# Task to carry out
Transcribe exactly, and only, the lines that fall between the line containing "#4 person (1308,587,1413,823)" and the last line of the material, both ends included, omitting any pictures.

# Available data
- - - - - - -

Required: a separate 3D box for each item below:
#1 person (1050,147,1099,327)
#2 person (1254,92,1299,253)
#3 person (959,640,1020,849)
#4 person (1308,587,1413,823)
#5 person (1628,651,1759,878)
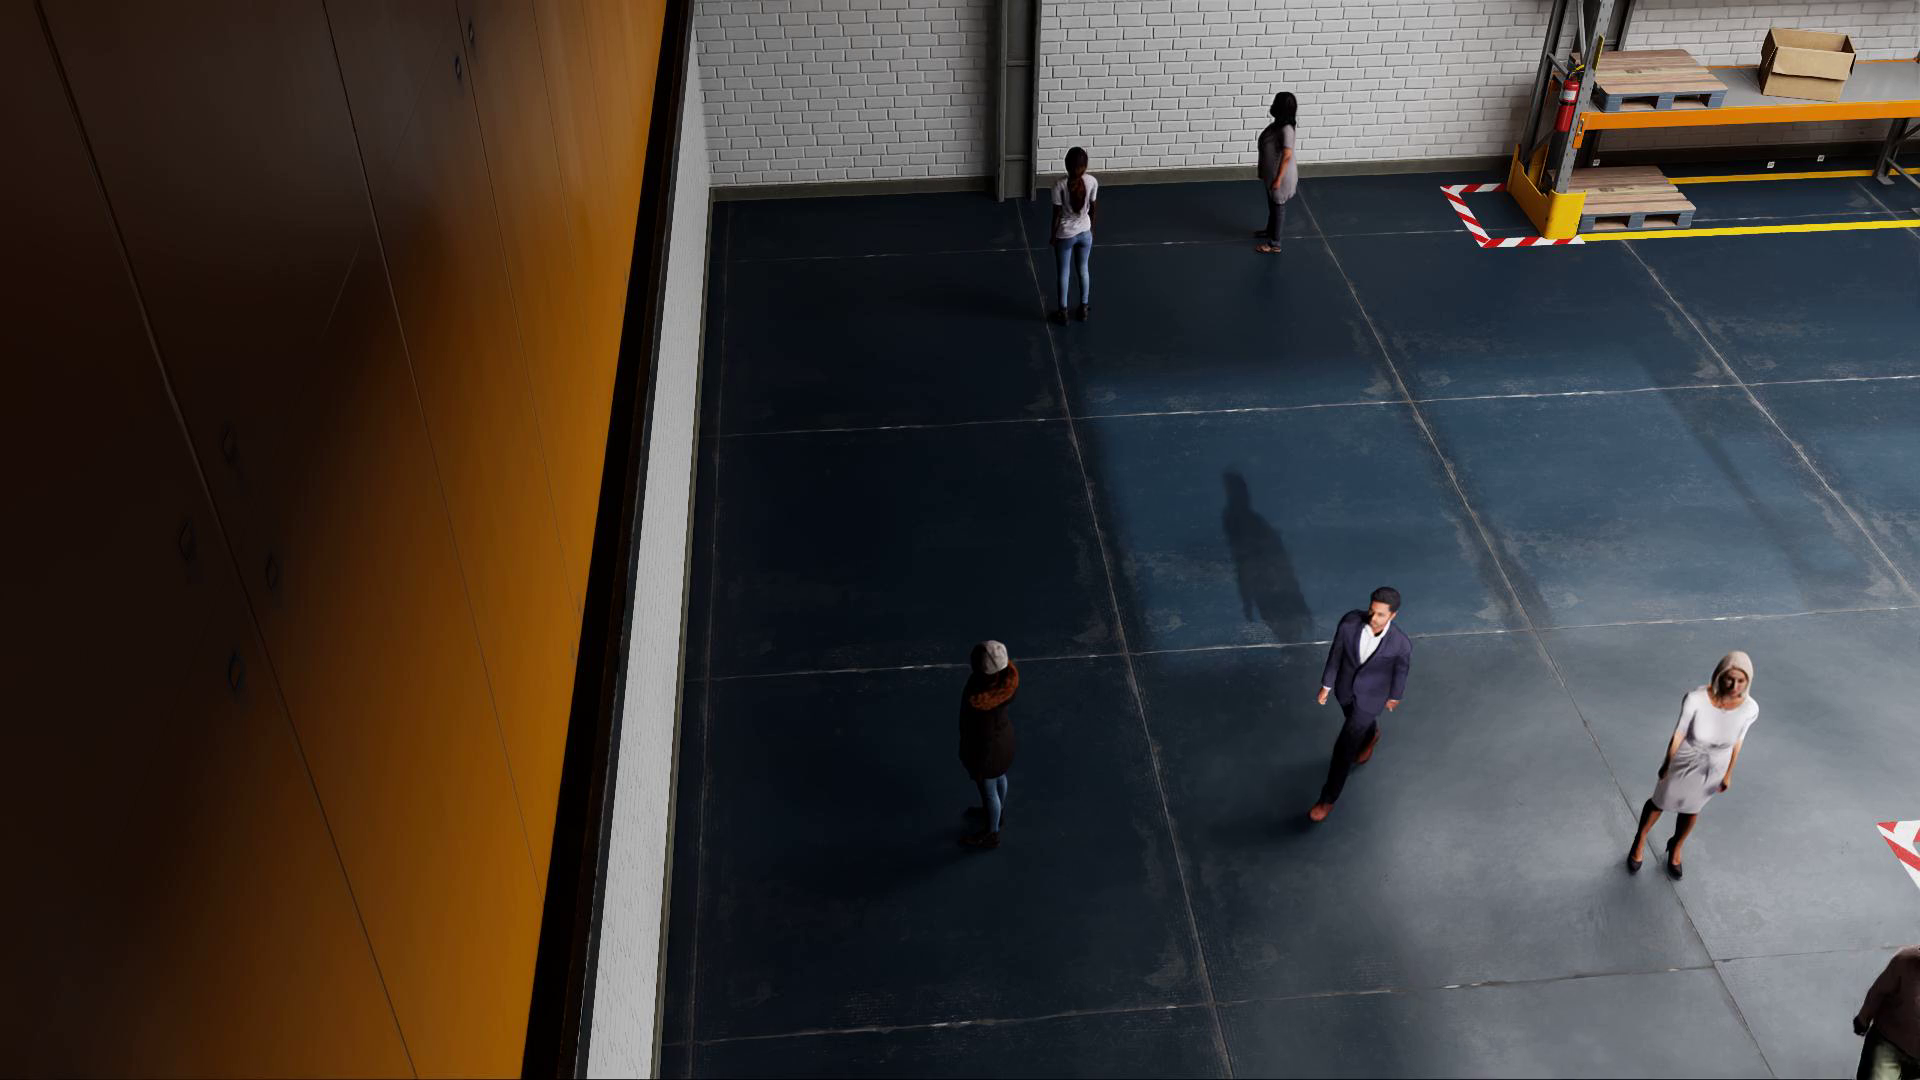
[{"bbox_3d":[1.026,-2.755,15.046,0.538,1.719,0.692,-12,40,-14],"label":"person"},{"bbox_3d":[3.112,-3.601,16.192,0.718,1.610,0.689,4,39,5],"label":"person"},{"bbox_3d":[0.182,1.234,10.121,0.713,1.633,0.708,10,40,12],"label":"person"},{"bbox_3d":[2.567,0.912,10.479,1.135,1.688,1.200,27,46,30],"label":"person"},{"bbox_3d":[4.381,1.327,9.909,0.535,1.751,0.680,7,39,9],"label":"person"}]

- - - - - - -

# Your response
#4 person (1308,587,1413,823)
#5 person (1628,651,1759,878)
[{"bbox_3d":[1.026,-2.755,15.046,0.538,1.719,0.692,-12,40,-14],"label":"person"},{"bbox_3d":[3.112,-3.601,16.192,0.718,1.610,0.689,4,39,5],"label":"person"},{"bbox_3d":[0.182,1.234,10.121,0.713,1.633,0.708,10,40,12],"label":"person"},{"bbox_3d":[2.567,0.912,10.479,1.135,1.688,1.200,27,46,30],"label":"person"},{"bbox_3d":[4.381,1.327,9.909,0.535,1.751,0.680,7,39,9],"label":"person"}]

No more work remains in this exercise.